Summary: 16-year-old Miles leaves his comfortable but friendless life in Florida to go to boarding school in Alabama. His roommate Chip quickly adopts Miles as a friend and introduces him to a girl who lives down the hall—Alaska. Beautiful and brilliant, Alaska flirts with Miles and he falls for her. But it could never work, and they both know it.

Review: This is my favorite novel from Green.

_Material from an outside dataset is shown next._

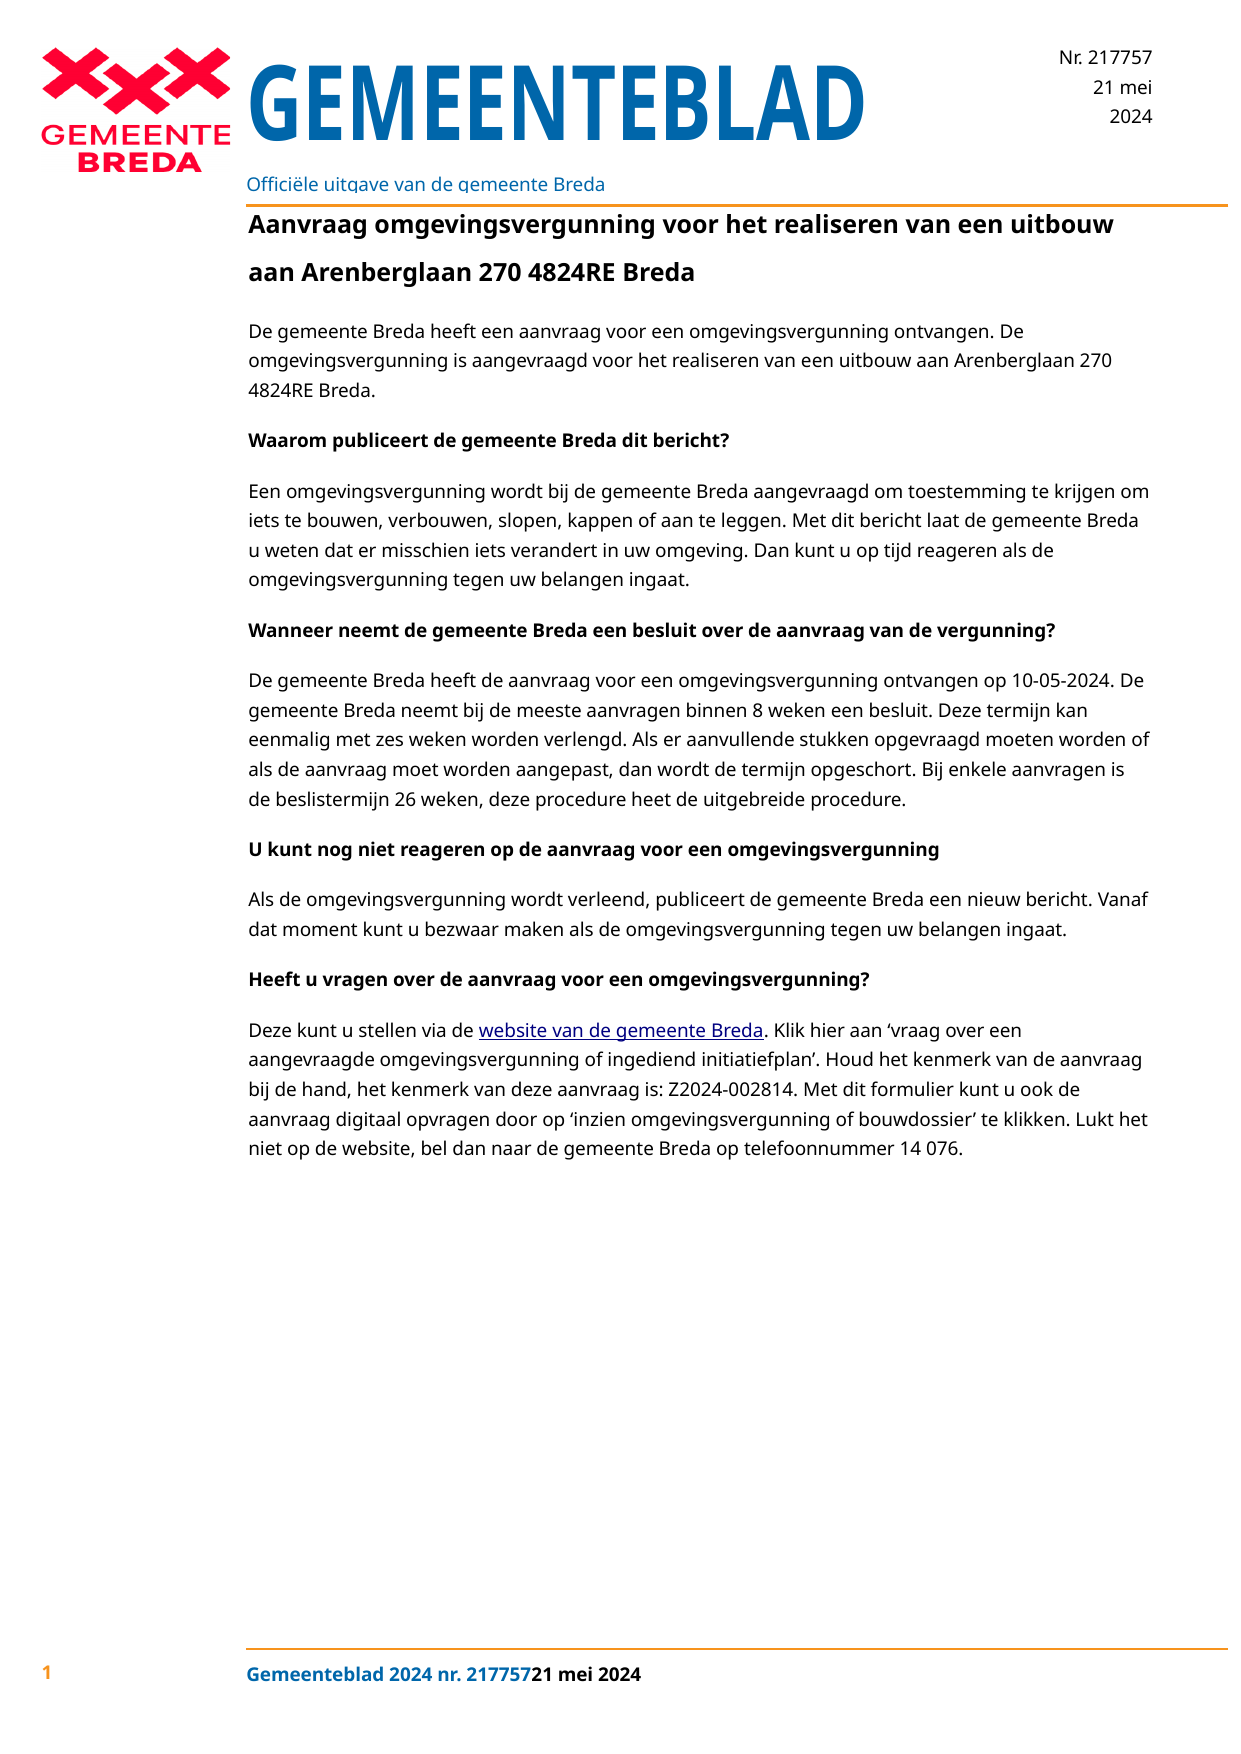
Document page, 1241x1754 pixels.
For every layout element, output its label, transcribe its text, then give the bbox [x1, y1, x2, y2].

On the surface, the book offered up plenty to make me laugh. Here, Miles just found out his new school, Culver Creek, has a basketball team:

I hated sports. I hated sports, and I hated people who played them, and I hated people who watched them, and I hated people who didn’t hate people who watched or played them. In third grade—the very last year that one could play T-ball—my mother wanted me to make friends, so she forced me onto the Orlando Pirates. I made friends all right—with a bunch of kindergartners, which didn’t really bolster my social standing with my peers. Primarily because I towered over the rest of the players, I nearly made it onto the T-ball all-star team that year. The kid who beat me, Clay Wurtzel, had one arm. I was an unusually tall third grader with two arms, and I got beat out by kindergartner Clay Wurtzel. And it wasn’t some pity-the-one-armed-kid thing, either. Clay Wurtzel could flat-out hit, whereas I sometimes struck out even with the ball sitting on the tee. One of the things that appealed to me most about Culver Creek was that my dad assured me there was no PE requirement.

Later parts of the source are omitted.